Una cosa è importante: bisogna cercare di capire se i movimenti vissuti ieri sera e questa notte siano stati provocati dalla delusione delle aspettative iniziali in seguito alle parole di Bernanke o se, invece, possano essere inglobati in una doverosa debolezza del dollaro americano. Tra le due è più probabile vedere vincere la prima delle due ipotesi, dal momento che il tapering avverrà comunque entro la fine del 2013.

Analisi Giornaliera Valute Forex 11 luglio 2013

EUR/USD: il cambio principale del Forex, nello spazio di poche ore, ha messo in mostra un movimento davvero importante andando a rompere ben 4 figure. La divergenza regolare rialzista con lo stocastico sul 4 ore ha aiutato ad intraprendere posizionamenti lunghi per target, però, che non andavano oltre l’1,2985. Il cambio si è portato fino a 1,32, ma poi ha ritracciato.
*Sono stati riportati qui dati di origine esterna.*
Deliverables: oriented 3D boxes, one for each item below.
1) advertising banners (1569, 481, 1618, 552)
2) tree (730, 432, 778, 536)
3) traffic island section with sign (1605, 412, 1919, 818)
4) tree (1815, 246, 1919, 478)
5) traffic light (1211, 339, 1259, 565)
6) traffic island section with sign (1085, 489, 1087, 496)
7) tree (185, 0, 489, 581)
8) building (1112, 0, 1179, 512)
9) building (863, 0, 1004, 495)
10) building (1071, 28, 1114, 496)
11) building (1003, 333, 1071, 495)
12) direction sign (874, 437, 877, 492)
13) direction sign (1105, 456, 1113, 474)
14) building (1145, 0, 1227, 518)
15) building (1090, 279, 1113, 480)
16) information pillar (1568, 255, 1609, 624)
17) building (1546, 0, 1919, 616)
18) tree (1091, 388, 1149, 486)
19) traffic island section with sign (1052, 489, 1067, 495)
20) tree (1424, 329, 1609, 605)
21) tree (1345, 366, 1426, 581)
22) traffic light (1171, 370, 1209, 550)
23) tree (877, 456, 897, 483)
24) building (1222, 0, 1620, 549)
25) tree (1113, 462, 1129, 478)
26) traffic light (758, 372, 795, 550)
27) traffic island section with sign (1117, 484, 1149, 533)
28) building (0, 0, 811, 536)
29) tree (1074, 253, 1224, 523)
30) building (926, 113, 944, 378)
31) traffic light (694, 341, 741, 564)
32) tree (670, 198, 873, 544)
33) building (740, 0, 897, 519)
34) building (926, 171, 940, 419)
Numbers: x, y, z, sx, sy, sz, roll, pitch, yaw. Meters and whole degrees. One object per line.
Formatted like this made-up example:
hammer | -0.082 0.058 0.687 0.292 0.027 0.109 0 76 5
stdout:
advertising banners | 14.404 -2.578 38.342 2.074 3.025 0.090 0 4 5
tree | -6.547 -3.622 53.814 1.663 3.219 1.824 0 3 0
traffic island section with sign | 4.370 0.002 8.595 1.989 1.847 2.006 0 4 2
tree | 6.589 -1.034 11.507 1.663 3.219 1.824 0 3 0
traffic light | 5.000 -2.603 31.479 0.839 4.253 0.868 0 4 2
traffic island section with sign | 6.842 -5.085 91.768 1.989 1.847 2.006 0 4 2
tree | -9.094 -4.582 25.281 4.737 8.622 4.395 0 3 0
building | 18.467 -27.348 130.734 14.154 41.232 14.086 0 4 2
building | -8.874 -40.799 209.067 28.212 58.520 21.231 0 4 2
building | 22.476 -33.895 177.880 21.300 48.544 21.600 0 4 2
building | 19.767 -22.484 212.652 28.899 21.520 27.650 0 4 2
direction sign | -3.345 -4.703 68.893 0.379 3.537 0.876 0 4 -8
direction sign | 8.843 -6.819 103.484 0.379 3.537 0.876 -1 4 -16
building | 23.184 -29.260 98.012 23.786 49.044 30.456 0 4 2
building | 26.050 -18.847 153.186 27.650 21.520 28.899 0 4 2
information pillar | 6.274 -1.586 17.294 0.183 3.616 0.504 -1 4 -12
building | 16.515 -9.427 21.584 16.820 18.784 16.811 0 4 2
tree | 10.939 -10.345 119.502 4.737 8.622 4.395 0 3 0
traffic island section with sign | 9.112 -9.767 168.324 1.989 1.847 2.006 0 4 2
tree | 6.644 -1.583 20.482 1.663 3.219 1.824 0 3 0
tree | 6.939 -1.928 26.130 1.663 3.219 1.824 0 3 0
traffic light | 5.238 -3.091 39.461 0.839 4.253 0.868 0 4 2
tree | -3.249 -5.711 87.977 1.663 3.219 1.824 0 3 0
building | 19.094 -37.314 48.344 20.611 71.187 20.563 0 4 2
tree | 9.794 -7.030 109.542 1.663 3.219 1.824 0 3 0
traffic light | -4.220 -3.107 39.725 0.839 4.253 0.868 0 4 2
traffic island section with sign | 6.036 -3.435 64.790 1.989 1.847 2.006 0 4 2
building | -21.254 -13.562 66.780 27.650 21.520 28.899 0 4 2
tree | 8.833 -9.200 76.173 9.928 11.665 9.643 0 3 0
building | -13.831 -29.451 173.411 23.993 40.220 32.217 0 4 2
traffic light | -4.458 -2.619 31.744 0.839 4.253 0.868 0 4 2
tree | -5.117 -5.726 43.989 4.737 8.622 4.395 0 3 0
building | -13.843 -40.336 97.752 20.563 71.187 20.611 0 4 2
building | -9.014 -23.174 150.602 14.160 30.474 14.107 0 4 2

Attenzione alla tenuta di 1,3075, potrebbe spingere nuovamente fino 1,3150.

USD/JPY: con un dollaro americano così debole, la major contro lo yen non poteva che vivere un grande ribasso. Molto rapidamente è stato rotto il supporto in area 100,00 e ci si è posizionati sul livello statico di 98,30. Il cedimento di quest’area sarebbe propedeutico ad ulteriori importanti discese fino a 97. I Fibonacci tracciati sul massimo e il minimo del canale ascesista suggeriscono come target invece possibili ritorni proprio in area 99,40.
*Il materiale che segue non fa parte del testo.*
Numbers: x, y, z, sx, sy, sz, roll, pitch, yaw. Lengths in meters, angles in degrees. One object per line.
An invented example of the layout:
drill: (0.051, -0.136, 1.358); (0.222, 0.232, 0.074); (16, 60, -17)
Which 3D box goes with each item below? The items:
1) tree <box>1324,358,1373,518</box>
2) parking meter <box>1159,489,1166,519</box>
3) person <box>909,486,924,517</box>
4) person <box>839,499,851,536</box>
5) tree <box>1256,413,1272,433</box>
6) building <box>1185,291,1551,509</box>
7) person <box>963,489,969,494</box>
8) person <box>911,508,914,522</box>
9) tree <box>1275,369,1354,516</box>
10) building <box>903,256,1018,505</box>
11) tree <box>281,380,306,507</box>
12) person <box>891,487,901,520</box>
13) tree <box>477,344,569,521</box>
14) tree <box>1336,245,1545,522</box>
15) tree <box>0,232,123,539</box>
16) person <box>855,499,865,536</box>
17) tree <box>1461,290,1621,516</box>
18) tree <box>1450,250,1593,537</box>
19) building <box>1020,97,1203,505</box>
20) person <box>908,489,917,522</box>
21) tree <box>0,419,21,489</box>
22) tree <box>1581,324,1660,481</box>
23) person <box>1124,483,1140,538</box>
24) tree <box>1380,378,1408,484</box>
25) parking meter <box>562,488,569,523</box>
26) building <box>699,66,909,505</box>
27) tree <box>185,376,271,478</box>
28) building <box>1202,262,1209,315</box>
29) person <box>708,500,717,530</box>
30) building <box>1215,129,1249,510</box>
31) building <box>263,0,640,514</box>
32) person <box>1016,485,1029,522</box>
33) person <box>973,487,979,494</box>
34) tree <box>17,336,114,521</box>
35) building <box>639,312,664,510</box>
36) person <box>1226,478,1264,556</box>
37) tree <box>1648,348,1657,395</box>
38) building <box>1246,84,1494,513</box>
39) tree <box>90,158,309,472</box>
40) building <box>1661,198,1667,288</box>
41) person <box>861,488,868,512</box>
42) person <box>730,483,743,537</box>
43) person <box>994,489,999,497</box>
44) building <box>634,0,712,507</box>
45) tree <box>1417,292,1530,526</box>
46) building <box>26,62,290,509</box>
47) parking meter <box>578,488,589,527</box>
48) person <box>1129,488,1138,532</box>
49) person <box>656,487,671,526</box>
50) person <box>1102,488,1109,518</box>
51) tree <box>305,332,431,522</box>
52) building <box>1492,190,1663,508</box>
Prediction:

EUR/JPY: decisamente meno ampio il movimento avuto dal cross euro yen giapponese. La salita a 130,40, però, è stata ottima ed ha portato poi ad una correzione decisa fino 129. Buono il riferimento del canale rialzista di ampio respiro che evidenzia in 128,40 il supporto decisivo mentre restano 129,90 e appunto 130,40 i riferimenti come resistenze.
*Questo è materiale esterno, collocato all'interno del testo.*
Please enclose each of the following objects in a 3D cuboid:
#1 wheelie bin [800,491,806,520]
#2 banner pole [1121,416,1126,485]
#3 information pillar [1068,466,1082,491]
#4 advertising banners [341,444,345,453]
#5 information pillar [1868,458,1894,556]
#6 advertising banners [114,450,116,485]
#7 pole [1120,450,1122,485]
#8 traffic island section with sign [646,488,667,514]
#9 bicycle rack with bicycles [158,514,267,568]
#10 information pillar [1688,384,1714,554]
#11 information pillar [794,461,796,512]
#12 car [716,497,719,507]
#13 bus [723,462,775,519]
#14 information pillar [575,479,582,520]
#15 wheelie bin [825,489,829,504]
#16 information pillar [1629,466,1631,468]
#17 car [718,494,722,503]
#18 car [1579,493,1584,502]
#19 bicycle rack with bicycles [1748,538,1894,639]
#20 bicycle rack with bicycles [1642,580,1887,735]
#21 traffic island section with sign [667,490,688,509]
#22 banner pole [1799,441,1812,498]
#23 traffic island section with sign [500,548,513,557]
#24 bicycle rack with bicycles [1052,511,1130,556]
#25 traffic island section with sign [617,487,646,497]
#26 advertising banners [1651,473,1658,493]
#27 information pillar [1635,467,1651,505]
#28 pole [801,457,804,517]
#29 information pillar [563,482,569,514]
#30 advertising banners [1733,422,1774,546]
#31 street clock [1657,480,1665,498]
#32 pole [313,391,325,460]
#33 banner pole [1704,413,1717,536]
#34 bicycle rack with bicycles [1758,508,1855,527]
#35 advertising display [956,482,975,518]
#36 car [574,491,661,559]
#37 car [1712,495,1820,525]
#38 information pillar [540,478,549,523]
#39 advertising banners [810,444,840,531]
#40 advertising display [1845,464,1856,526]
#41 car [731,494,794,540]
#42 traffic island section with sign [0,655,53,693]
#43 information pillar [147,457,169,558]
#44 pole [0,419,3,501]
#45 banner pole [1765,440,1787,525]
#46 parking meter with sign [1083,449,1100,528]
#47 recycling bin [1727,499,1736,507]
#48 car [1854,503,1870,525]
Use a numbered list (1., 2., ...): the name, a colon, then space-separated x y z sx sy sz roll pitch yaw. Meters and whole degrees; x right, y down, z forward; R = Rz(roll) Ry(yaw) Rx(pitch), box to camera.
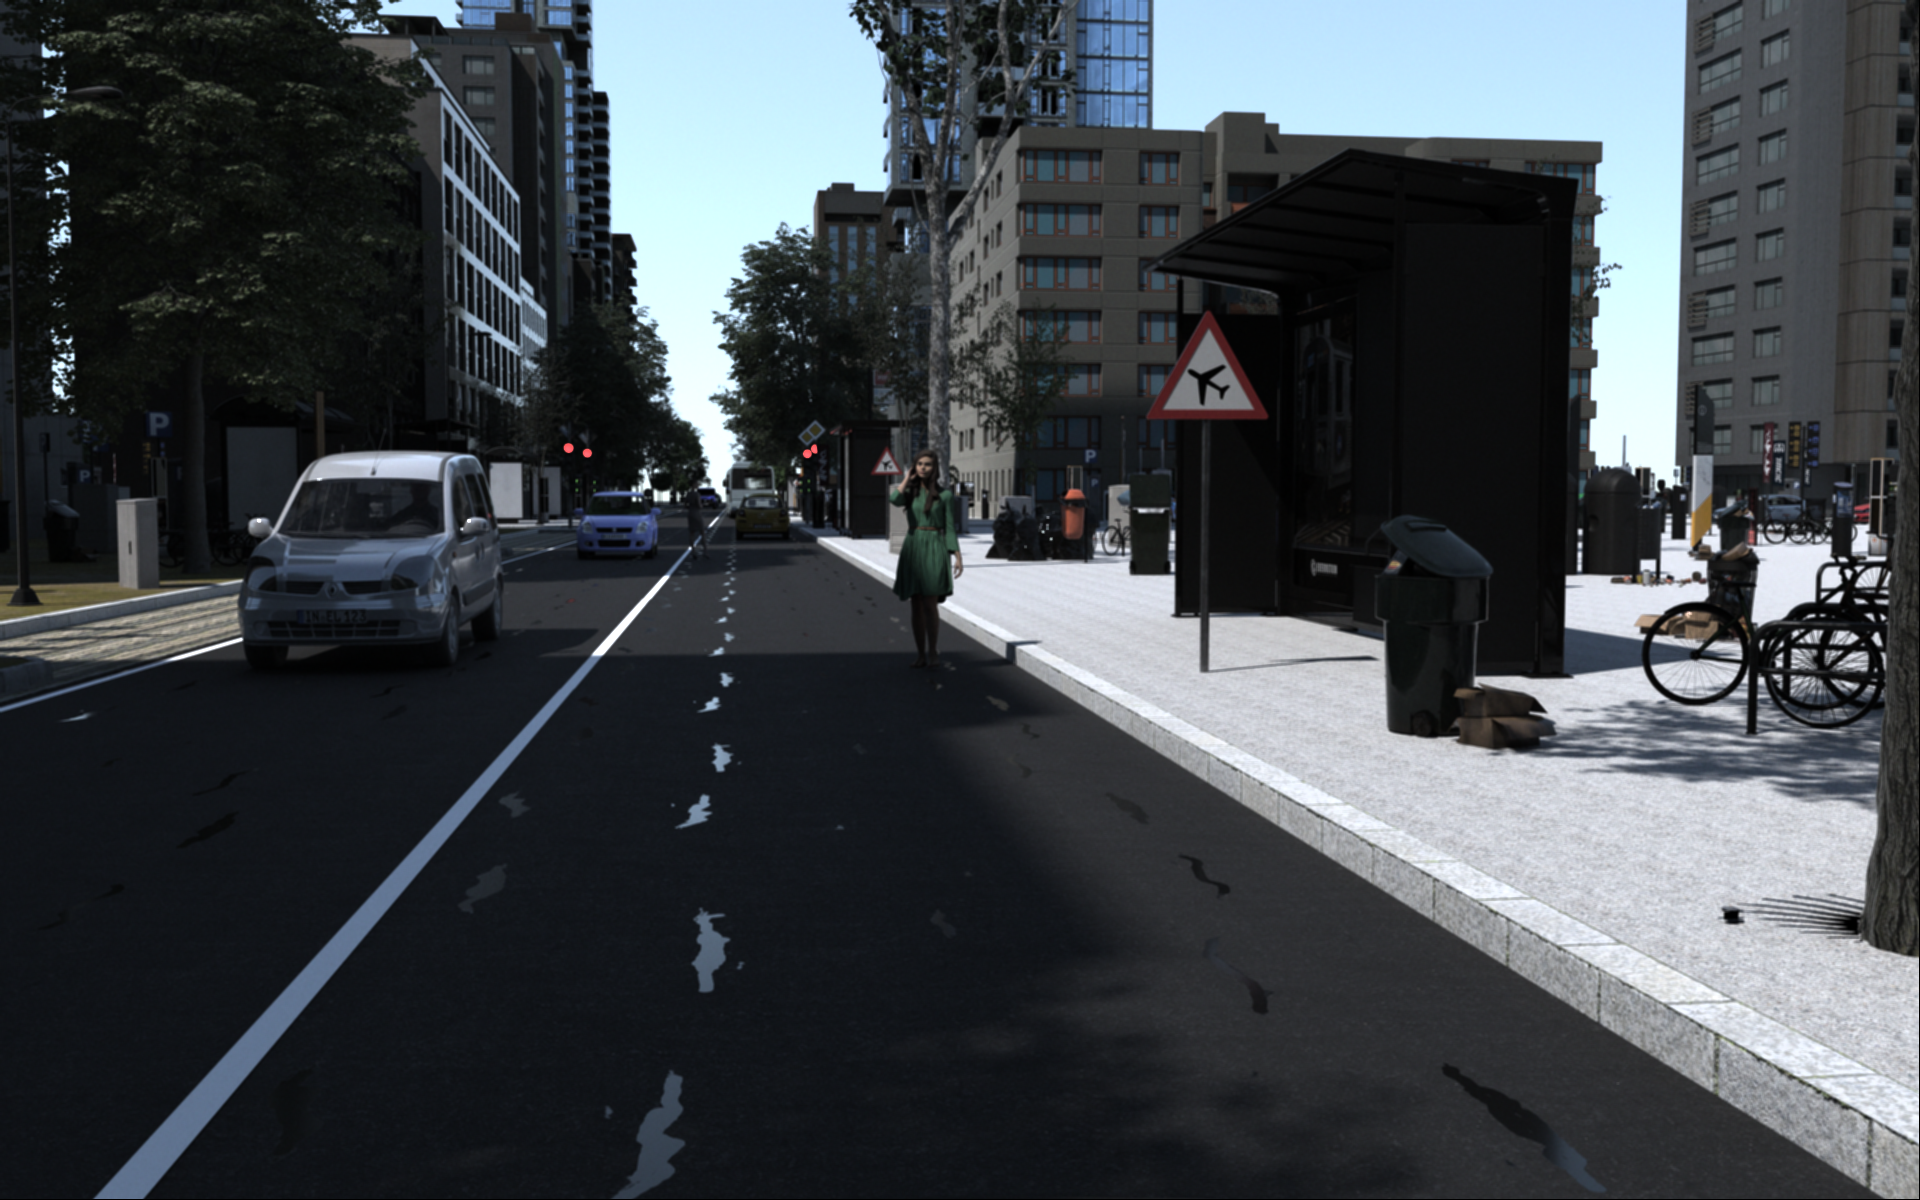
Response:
1. wheelie bin: -7.221 -4.583 82.846 0.980 1.594 0.693 -2 4 -35
2. banner pole: 5.279 -4.031 55.919 0.401 3.779 0.863 1 4 12
3. information pillar: 3.004 -2.498 45.326 0.304 2.012 0.304 -1 4 -17
4. advertising banners: -21.815 -3.954 60.828 0.090 3.025 2.074 -2 4 -30
5. information pillar: 19.007 -1.911 35.743 0.304 2.012 0.304 -1 4 -19
6. advertising banners: -34.165 -4.520 70.089 0.090 3.025 2.074 -2 4 -25
7. pole: 7.494 -5.270 80.014 0.158 3.312 0.155 0 3 0
8. traffic island section with sign: -21.853 -6.919 121.754 1.989 1.847 2.006 0 4 -7
9. bicycle rack with bicycles: -13.381 -1.115 31.619 2.925 0.926 2.852 -2 4 -35
10. information pillar: 15.820 -2.786 36.913 0.504 3.616 0.183 -1 4 -22
11. information pillar: -11.516 -7.912 120.721 0.183 3.616 0.504 0 4 1
12. car: -27.576 -11.165 191.338 1.959 1.807 4.718 -1 4 -8
13. bus: -12.768 -6.715 104.642 2.948 3.499 13.247 -1 4 -9
14. information pillar: -19.017 -5.003 86.285 0.304 2.012 0.304 -1 4 -18
15. wheelie bin: -7.868 -5.882 104.083 0.693 1.594 0.980 -1 4 -10
16. information pillar: 54.527 -9.179 141.435 0.504 3.616 0.183 0 4 5
17. car: -38.819 -16.248 275.436 2.009 1.686 4.222 -1 4 -9
18. car: 27.059 -3.953 73.424 4.718 1.807 1.959 -1 4 -9
19. bicycle rack with bicycles: 9.724 -0.182 16.364 2.925 0.926 2.852 -1 4 -23
20. bicycle rack with bicycles: 5.368 0.223 9.729 2.925 0.926 2.852 2 4 32
21. traffic island section with sign: -28.093 -9.898 170.463 1.989 1.847 2.006 0 4 -7
22. banner pole: 39.612 -5.579 81.230 0.401 3.779 0.863 -1 4 -18
23. traffic island section with sign: -11.373 -1.911 39.874 1.989 1.847 2.006 0 4 -7
24. bicycle rack with bicycles: 2.887 -1.431 36.775 2.852 0.926 2.925 2 4 33
25. traffic island section with sign: -18.404 -5.269 94.778 1.989 1.847 2.006 0 4 -7
26. advertising banners: 57.790 -8.998 143.304 2.074 3.025 0.090 -2 4 -31
27. information pillar: 18.756 -2.638 47.620 0.304 2.012 0.304 -1 4 -16
28. pole: -8.640 -6.196 95.154 0.158 3.312 0.155 0 3 0
29. information pillar: -23.159 -5.959 101.928 0.304 2.012 0.304 -2 4 -33
30. advertising banners: 19.657 -2.858 42.919 0.090 3.025 2.074 0 4 1
31. street clock: 34.962 -5.004 86.390 0.358 2.002 0.471 0 4 1
32. pole: -12.732 -2.485 34.468 0.158 3.312 0.155 0 3 0
33. banner pole: 23.120 -3.891 53.628 0.401 3.779 0.863 -1 4 -15
34. bicycle rack with bicycles: 21.836 -1.927 44.882 2.852 0.926 2.925 -2 4 -34
35. advertising display: 0.279 -5.278 91.514 0.974 1.923 0.123 0 4 7
36. car: -7.790 -1.830 39.506 1.945 1.707 3.694 -1 4 -8
37. car: 34.580 -3.812 74.322 4.499 1.417 2.014 0 4 -8
38. information pillar: -18.513 -4.439 77.075 0.304 2.012 0.304 2 4 25
39. advertising banners: -4.556 -4.182 64.563 2.074 3.025 0.090 -1 4 -14
40. advertising display: 19.129 -1.960 37.258 0.123 1.923 0.974 2 4 32
41. car: -6.348 -2.782 55.705 2.015 1.641 3.980 0 4 -6
42. traffic island section with sign: -7.888 -0.247 12.661 1.989 1.847 2.006 0 4 -7
43. information pillar: -16.144 -1.859 34.884 0.304 2.012 0.304 -3 4 -37
44. pole: -25.137 -3.146 45.283 0.158 3.312 0.155 0 3 0
45. banner pole: 33.389 -4.955 71.034 0.863 3.779 0.401 2 4 24
46. parking meter with sign: 5.083 -4.278 66.213 0.543 3.016 1.738 0 4 -3
47. recycling bin: 39.549 -4.649 88.572 0.722 1.027 0.722 -1 4 -11
48. car: 40.803 -4.048 75.227 4.494 1.783 2.155 0 4 -7

GBP/USD: il cable, tecnicamente, mostra una situazione molto simile a quella dell’euro dollaro americano. Sentiment ribassista con 1,5080 come primo importante supporto che, qualora venisse violato, condurrebbe direttamente a 1,5050 prima e 1,4985 poi. Al rialzo, invece, sviluppi fino 1,5160.

AUD/USD: anche qui notiamo una precisione interessante a livello tecnico. Il canale rialzista formatosi dai minimi dell’8 luglio ha fornito l’ottica toro per approdi in area 0,93. Possibili i ritracciamenti perso 0,9250 su cui valutare rebound verso i massimi relativi o approfondimenti fino a 0,9180. Break al rialzo di 0,93 vedono invece in 0,9340 il naturale punto di approdo.

XAU/USD: molto buono anche il movimento dell’oro che ha rotto perfettamente 1.266 dollari l’oncia e ora lo si attende a 1.300 dollari. Il cedimento al ribasso di 1.289 condurrebbe sul bel livello di 1.270, mentre la sua tenuta potrebbe farci riapprezzare i massimi e possibili break rialzisti dell’ordine anche di 30-40 dollari.